I answered your original question on Stack Overflow; I'll post here for posterity
Your code is missing the ForeachProcessor
; the NEST implementation for this is pretty much a direct translation of the Elasticsearch JSON example that you've posted in your question. It's a little easier using the Attachment
type available in NEST too, which the attachment object that the data is extracted into will deserialize into.
void Main()
{
var pool = new SingleNodeConnectionPool(new Uri("http://localhost:9200"));
var defaultIndex = "default-index";
var connectionSettings = new ConnectionSettings(pool)
.DefaultIndex(defaultIndex);
var client = new ElasticClient(connectionSettings);
if (client.IndexExists(defaultIndex).Exists)
client.DeleteIndex(defaultIndex);
client.PutPipeline("attachments", p => p
.Processors(pp => pp
.Description("Document attachment pipeline")

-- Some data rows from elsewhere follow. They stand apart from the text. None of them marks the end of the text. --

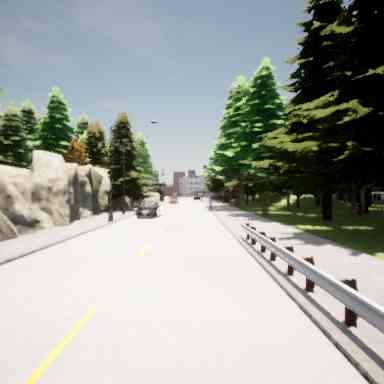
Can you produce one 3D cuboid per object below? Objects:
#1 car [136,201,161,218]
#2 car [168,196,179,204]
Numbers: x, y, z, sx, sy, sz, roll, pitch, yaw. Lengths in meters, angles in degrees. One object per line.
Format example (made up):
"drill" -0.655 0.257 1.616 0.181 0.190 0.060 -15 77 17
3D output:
"car" -3.995 1.603 30.970 2.128 1.511 4.902 0 0 0
"car" -3.732 1.635 68.125 2.097 1.767 4.553 1 -1 0
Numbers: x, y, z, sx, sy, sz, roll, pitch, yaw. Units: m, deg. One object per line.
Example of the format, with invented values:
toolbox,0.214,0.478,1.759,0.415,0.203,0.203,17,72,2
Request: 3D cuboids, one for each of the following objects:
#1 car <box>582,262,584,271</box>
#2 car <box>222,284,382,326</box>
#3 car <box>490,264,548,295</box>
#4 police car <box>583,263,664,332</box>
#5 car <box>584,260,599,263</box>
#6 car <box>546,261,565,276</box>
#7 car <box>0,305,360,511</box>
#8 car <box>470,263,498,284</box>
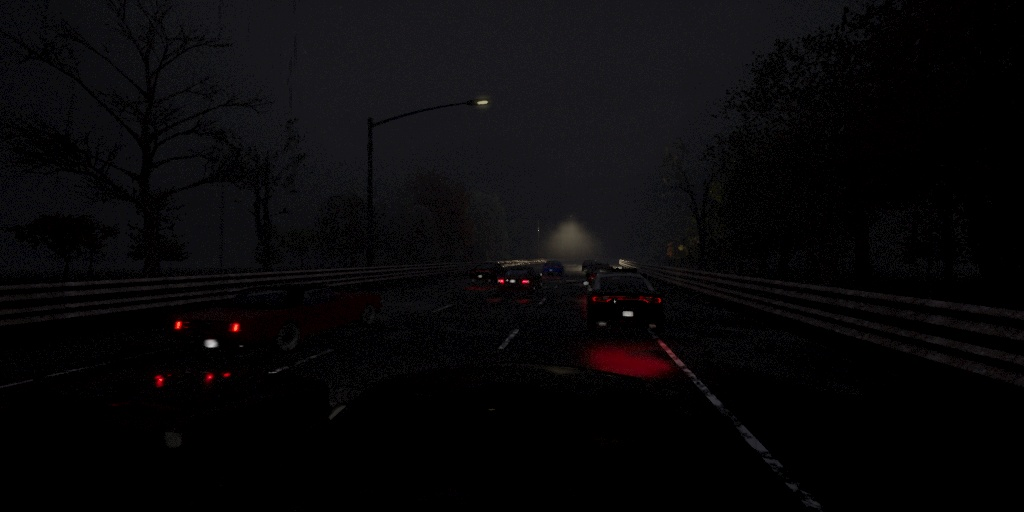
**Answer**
car,10.552,1.254,48.648,1.882,1.535,5.008,0,0,15
car,-5.236,1.350,8.920,1.895,1.301,4.718,0,0,11
car,0.552,1.299,20.084,2.033,1.411,5.357,0,0,12
police car,3.266,1.176,11.099,1.930,1.638,5.238,0,0,11
car,6.438,1.262,26.464,1.837,1.490,4.892,0,0,12
car,4.413,1.242,37.665,1.882,1.535,5.008,0,0,13
car,-3.097,1.298,1.299,2.033,1.411,5.357,0,0,10
car,-1.615,1.232,26.734,1.882,1.535,5.008,0,0,12
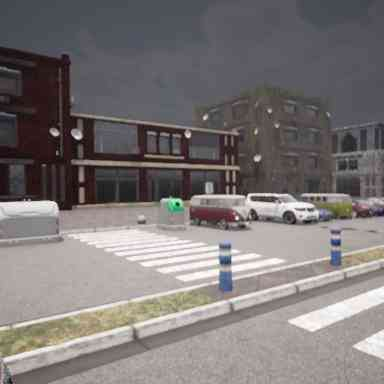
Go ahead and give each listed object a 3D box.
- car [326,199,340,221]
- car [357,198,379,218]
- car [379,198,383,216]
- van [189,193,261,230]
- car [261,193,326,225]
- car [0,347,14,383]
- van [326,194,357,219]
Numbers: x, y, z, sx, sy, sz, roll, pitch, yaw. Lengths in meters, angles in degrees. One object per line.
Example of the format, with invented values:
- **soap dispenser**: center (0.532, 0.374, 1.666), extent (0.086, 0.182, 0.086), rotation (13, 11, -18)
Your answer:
- **car**: center (8.346, 1.417, 25.372), extent (2.002, 1.452, 4.674), rotation (0, 0, -36)
- **car**: center (12.789, 1.372, 28.634), extent (2.097, 1.535, 5.008), rotation (0, 0, -36)
- **car**: center (15.032, 1.404, 30.235), extent (2.163, 1.488, 4.792), rotation (0, 0, -36)
- **van**: center (1.747, 1.186, 20.384), extent (1.878, 1.987, 4.442), rotation (0, 0, -36)
- **car**: center (6.139, 1.133, 23.714), extent (2.435, 2.045, 5.566), rotation (0, 0, -36)
- **car**: center (-3.399, 1.237, 0.682), extent (5.566, 2.045, 2.150), rotation (-1, 0, -36)
- **van**: center (10.599, 1.147, 27.164), extent (1.878, 1.987, 4.442), rotation (0, 0, -36)
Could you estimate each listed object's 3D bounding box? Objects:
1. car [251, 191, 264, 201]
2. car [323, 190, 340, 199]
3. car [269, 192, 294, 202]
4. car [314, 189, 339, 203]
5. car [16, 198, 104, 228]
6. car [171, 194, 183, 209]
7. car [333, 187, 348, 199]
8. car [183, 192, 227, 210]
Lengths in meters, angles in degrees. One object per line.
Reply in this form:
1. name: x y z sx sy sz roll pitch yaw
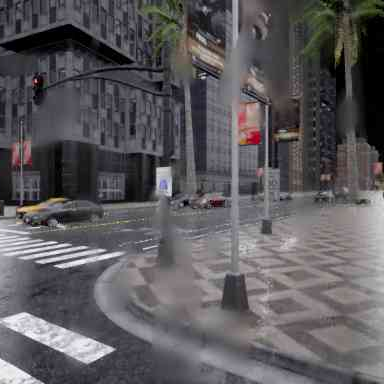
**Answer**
1. car: 10.904 0.653 51.788 1.812 1.442 4.674 0 1 35
2. car: 25.759 0.353 61.331 1.882 1.535 5.008 0 1 36
3. car: 13.744 0.673 50.168 2.033 1.411 5.357 0 1 35
4. car: 17.810 0.677 44.492 1.837 1.490 4.892 0 1 35
5. car: -7.622 1.256 20.189 1.837 1.490 4.892 0 1 35
6. car: -0.898 0.949 35.304 2.128 1.511 4.902 0 2 35
7. car: 23.672 0.232 52.772 2.150 2.045 5.566 0 1 36
8. car: 1.594 0.822 33.188 2.097 1.767 4.553 0 1 35
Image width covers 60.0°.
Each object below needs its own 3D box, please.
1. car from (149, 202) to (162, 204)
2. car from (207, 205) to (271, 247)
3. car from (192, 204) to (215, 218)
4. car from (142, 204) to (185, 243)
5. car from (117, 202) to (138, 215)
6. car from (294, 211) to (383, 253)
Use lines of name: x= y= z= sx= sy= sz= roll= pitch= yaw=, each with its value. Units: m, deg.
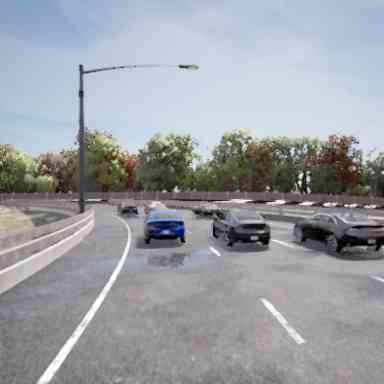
car: x=-4.496 y=1.931 z=40.717 sx=1.812 sy=1.442 sz=4.674 roll=0 pitch=-1 yaw=-22
car: x=2.218 y=1.633 z=15.946 sx=1.837 sy=1.490 sz=4.892 roll=0 pitch=0 yaw=-8
car: x=1.517 y=1.897 z=34.327 sx=1.895 sy=1.301 sz=4.718 roll=0 pitch=-1 yaw=-17
car: x=-1.506 y=1.646 z=17.200 sx=1.882 sy=1.535 sz=5.008 roll=0 pitch=0 yaw=-9
car: x=-7.660 y=1.925 z=39.231 sx=1.837 sy=1.490 sz=4.892 roll=0 pitch=0 yaw=-22
car: x=6.010 y=1.568 z=14.087 sx=2.128 sy=1.511 sz=4.902 roll=0 pitch=0 yaw=-7
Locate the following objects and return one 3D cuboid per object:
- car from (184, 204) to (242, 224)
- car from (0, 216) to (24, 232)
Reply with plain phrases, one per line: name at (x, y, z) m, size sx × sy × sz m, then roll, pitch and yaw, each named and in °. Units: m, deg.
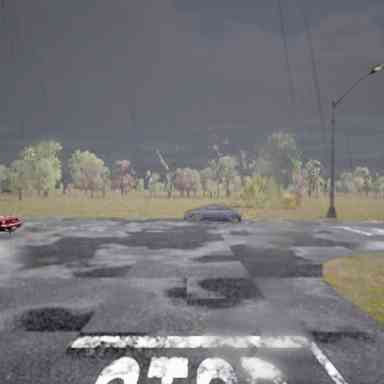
car at (1.509, 1.557, 23.950) m, size 4.181 × 1.385 × 1.994 m, roll 1°, pitch 0°, yaw 0°
car at (-11.327, 1.515, 17.050) m, size 4.718 × 1.301 × 1.895 m, roll 1°, pitch 1°, yaw 0°
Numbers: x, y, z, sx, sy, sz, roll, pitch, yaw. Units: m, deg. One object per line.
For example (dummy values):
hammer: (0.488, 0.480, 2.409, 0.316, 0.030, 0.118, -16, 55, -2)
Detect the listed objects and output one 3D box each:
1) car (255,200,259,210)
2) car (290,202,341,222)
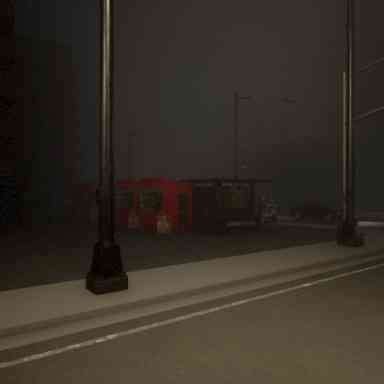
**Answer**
car: (8.137, 1.846, 48.916, 2.128, 1.511, 4.902, 0, -1, -36)
car: (10.466, 1.612, 27.557, 1.837, 1.490, 4.892, 0, -1, -36)
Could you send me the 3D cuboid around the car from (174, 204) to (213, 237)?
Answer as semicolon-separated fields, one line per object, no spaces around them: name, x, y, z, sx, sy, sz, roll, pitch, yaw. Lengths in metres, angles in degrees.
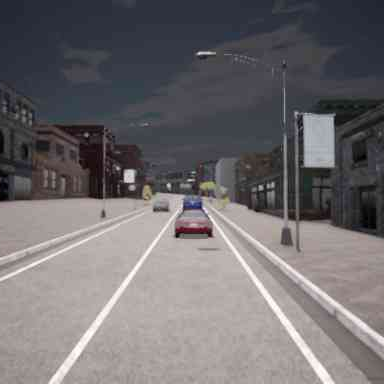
car;0.089;1.577;18.277;1.994;1.385;4.181;0;0;0

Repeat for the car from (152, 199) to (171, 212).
car;-3.554;1.576;39.202;1.837;1.490;4.892;0;0;0

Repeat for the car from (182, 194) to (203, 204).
car;0.077;1.284;36.858;2.150;2.045;5.566;0;0;0

.Foreach<Document>(fe => fe
.Field(f => f.Attachments)
.Processor(fep => fep
.Attachment<Attachment>(a => a
.Field("_ingest._value.data")
.TargetField("_ingest._value.attachment")
)
)
)
)
);
var indexResponse = client.Index(new Document
{
Attachments = new List<DocumentAttachment>
{
new DocumentAttachment { Data = "dGhpcyBpcwpqdXN0IHNvbWUgdGV4dAo=" },
new DocumentAttachment { Data = "VGhpcyBpcyBhIHRlc3QK" }
}
},
i => i.Pipeline("attachments")
);
var getResponse = client.Get<Document>(indexResponse.Id);
}
public class Document
{
public List<DocumentAttachment> Attachments { get; set; }
}
public class DocumentAttachment
{
public string Data { get; set; }
public Attachment Attachment { get; set; }
}
returns
{
"_index" : "default-index",
"_type" : "document",
"_id" : "AVrOVuC1vjcwkxZzCHYS",
"_version" : 1,
"found" : true,
"_source" : {
"attachments" : [
{
"data" : "dGhpcyBpcwpqdXN0IHNvbWUgdGV4dAo=",
"attachment" : {
"content_type" : "text/plain; charset=ISO-8859-1",
"language" : "en",
"content" : "this is\njust some text",
"content_length" : 24
}
},
{
"data" : "VGhpcyBpcyBhIHRlc3QK",
"attachment" : {
"content_type" : "text/plain; charset=ISO-8859-1",
"language" : "en",
"content" : "This is a test",
"content_length" : 16
}
}
]
}
}
You can chain the RemoveProcessor
on to remove the data field from _source too, just specify another ForeachProcessor
after the current ForeachProcessor
that contains the RemoveProcessor
, targeting the data
field. Take a look at this answer for what the json would look like.